As for how a claim that was proven false a year ago could come back now in attacks against DeSantis, the governor’s office blamed the political climate.

“We believe it has a lot to do with blinding partisan hatred that eclipses the facts,” Griffin said.

Ironically, the repetition of a false narrative deals with a law specifically meant to keep one side from dominating discourse.

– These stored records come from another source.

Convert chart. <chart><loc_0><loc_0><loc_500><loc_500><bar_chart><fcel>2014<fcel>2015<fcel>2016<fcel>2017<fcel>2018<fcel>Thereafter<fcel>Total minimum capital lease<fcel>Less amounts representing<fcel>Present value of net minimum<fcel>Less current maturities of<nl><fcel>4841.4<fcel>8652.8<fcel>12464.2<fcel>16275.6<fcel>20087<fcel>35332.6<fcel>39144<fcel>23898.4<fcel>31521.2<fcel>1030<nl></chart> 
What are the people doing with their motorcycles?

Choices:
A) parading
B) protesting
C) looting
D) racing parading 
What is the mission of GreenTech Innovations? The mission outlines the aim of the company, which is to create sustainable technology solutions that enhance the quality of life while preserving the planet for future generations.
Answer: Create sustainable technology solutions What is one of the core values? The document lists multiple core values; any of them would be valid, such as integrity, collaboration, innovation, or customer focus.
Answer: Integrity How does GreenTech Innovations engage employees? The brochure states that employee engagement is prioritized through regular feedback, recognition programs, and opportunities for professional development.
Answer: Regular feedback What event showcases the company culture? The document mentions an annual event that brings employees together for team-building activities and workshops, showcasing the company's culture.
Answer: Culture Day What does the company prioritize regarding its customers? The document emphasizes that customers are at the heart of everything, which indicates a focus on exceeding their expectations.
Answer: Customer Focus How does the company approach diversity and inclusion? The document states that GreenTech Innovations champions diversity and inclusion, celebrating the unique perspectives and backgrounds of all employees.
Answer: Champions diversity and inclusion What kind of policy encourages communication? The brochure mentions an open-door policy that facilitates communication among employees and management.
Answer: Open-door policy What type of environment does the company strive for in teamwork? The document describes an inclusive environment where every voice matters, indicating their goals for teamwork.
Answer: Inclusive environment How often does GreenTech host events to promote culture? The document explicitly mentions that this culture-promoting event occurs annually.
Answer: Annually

“I think that having intellectual diversity is something that’s very, very important as we go forward,” DeSantis said when he signed the bill. “And I know a lot of parents, one of the things they worry about, if you send a kid to a university, are they just going to basically be indoctrinated? Or are they actually going to be taught to think for themselves, challenge assumptions, and really be critical thinkers and learners? We obviously want our universities to be focused on critical thinking, academic rigor. We do not want them as basically hotbeds for stale ideology.”